If existing customers are sent emails containing original photographs of new arrivals, given the photographs are cheesy enough, the email open rate and response rate may increase.
Digital advertising limitations
Digital advertising is losing its sheen despite the fact that brands are spending more money on it than ever before. It’s surprising because eMarketer has recently predicted display digital ad spending will exceed search ad spending. Why would brands invest in something that’s non-productive?
What’s even more surprising is retargeting ads have become so obnoxious that a fair number of audiences feel not apathetic, but incensed to see those ads. It’s a dumbfounding observation because just a while ago we were discussing the efficacy of retargeting.
Digital advertising fails when it lacks any one or all of the following:
Customers are more likely to click on ads they see on trusted sites than ads they see on non-trusted sites. They prefer contextual ads and the ones that lack quality are a turnoff for them.
Visual content can overcome the majority of these limitations.
Ad quality: What can be the best way to ensure ad quality than stunning visuals? Stock images and product photographs can heighten ad quality, product photographs especially, because they are clicked by professionals who know various tricks like capturing the product when it’s being used, shooting it from multiple angles, etc.
It’s a crime for eCommerce brands to fill their sites with those images and not using them in the ad copy. When product photographs are used in an ad, a positive experience is generated for users. Ecommerce users, many of whom are millennials, value such experience.
Trust building: Visual content can be instrumental in building trust for eCommerce brands. Visual realism is here and impacting branding big time. The arrival of visual realism is relieving news for eCommerce brands as it adds authenticity to user-generated content (UGC) on which eCommerce companies rely heavily.
Visual realism facilitates trust building and trust precedes the ad viewing experience. This is how visual content fixes the trust issue for eCommerce brands and adds value to adverts they feature.
The browsing experience
Ecommerce brands want visitors on their sites, and they can go hammer and tong at it. But many of them fail to offer visitors a seamless and enticing browsing experience.
Again, visual content comes to their rescue. The site design, the layout, saturated color of the photographs, shadow effects, fonts and typefaces, everything matters. Together, they make the browsing experience entertaining for visitors. Online purchase defines eCommerce, if the browsing experience is entertaining, users may end up buying a product.
The equivalent to online purchase is in-app purchases for the handheld platform. Visual experience is as much important to mobile users (if not more) as it is for desktop users. The handheld platform is plagued by challenges for brands that cash in on visual experience. The viewport, low-resolution, small screen are among the challenges.

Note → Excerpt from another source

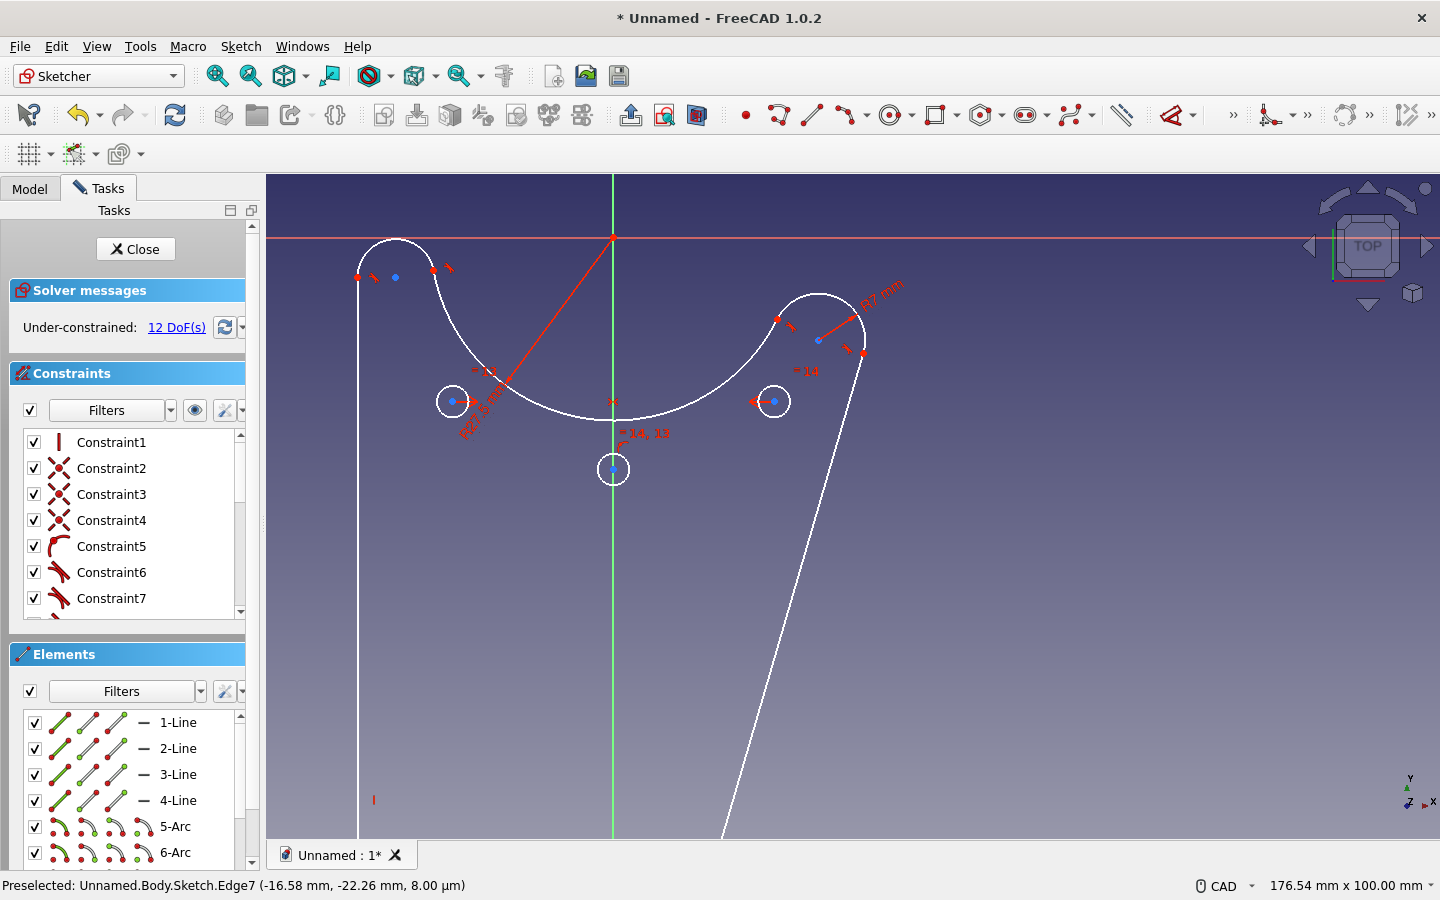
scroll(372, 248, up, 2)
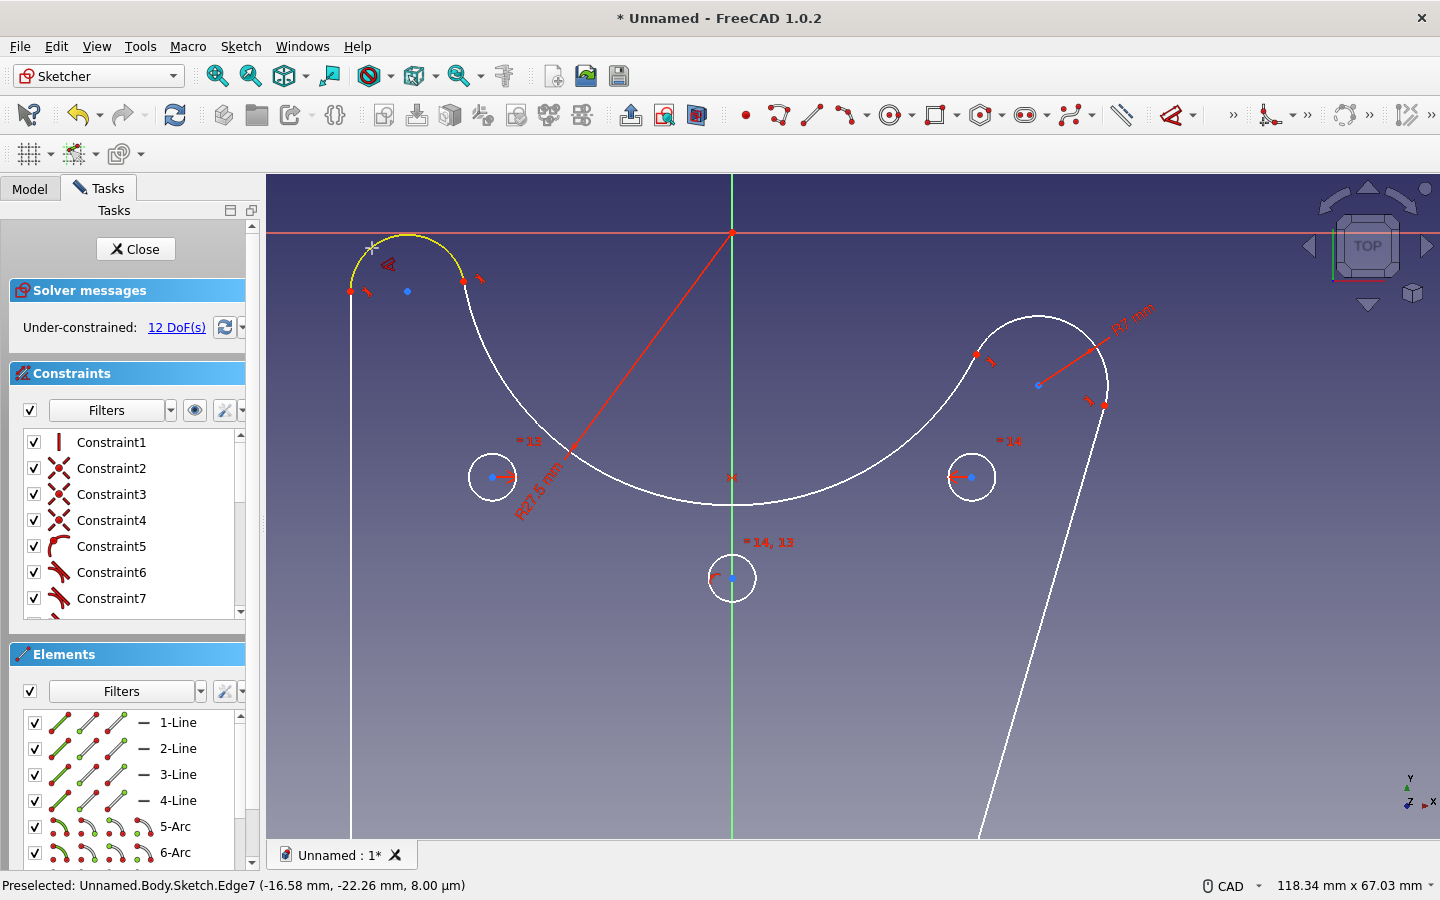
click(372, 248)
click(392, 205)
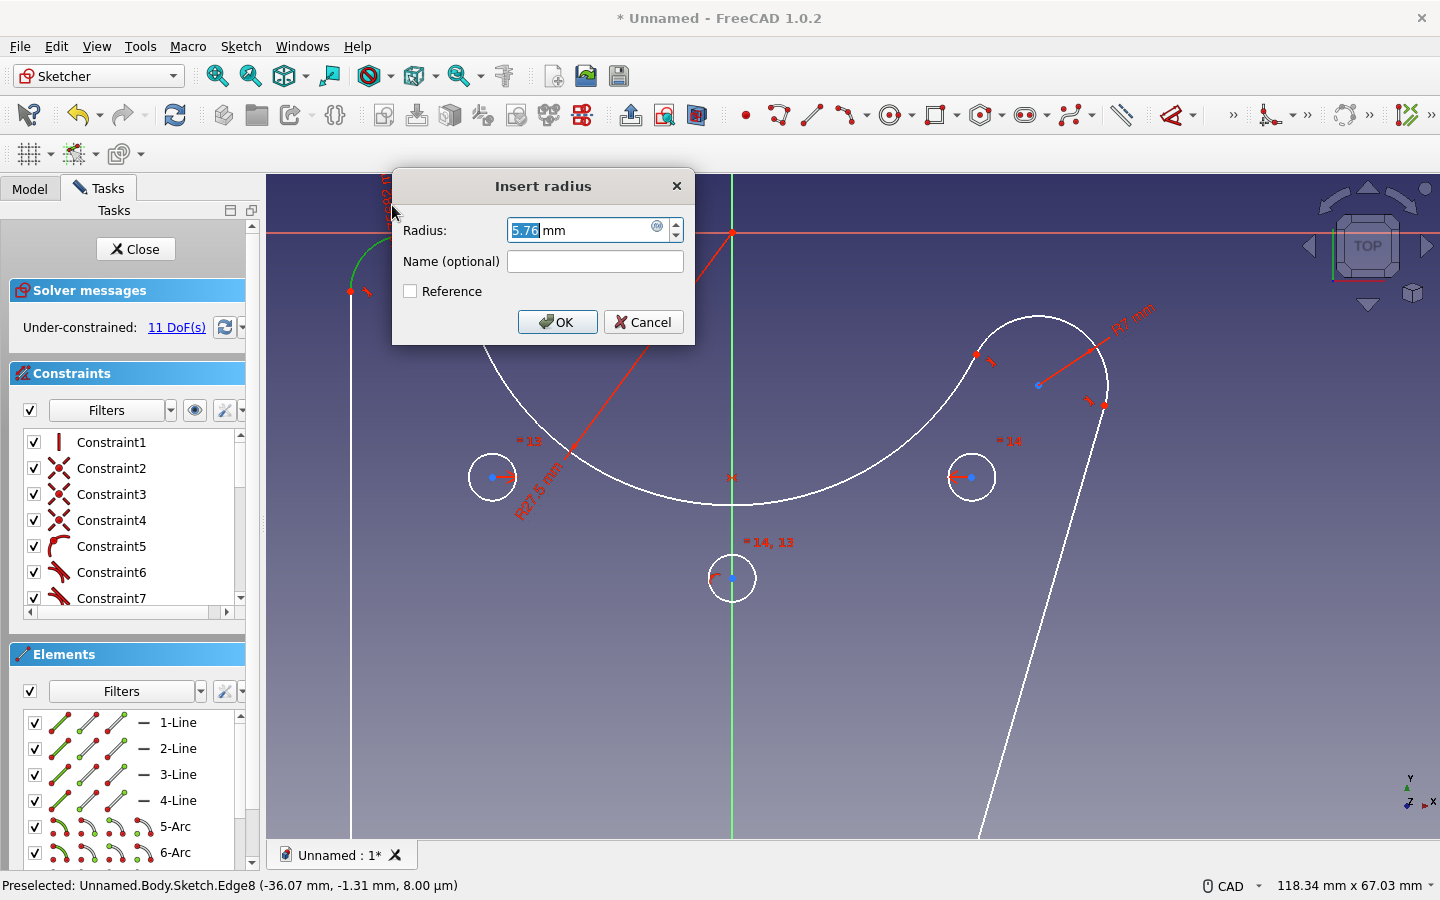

What’s assuring is responsive web design (RWD) can overcome these challenges as it keeps the site layout and images unchanged even when a user moves to mobile from desktop. Hence, RWD is a must for all eCommerce brands, who take visual experience seriously.
Visual experience is a double-edged sword. The biggest threat it’s maladroit usage poses is customers turning to competitor brands after an unimpressive experience. No eCommerce brand can afford that and so, putting high-quality visual content on the site and in the ad materials is a must for them.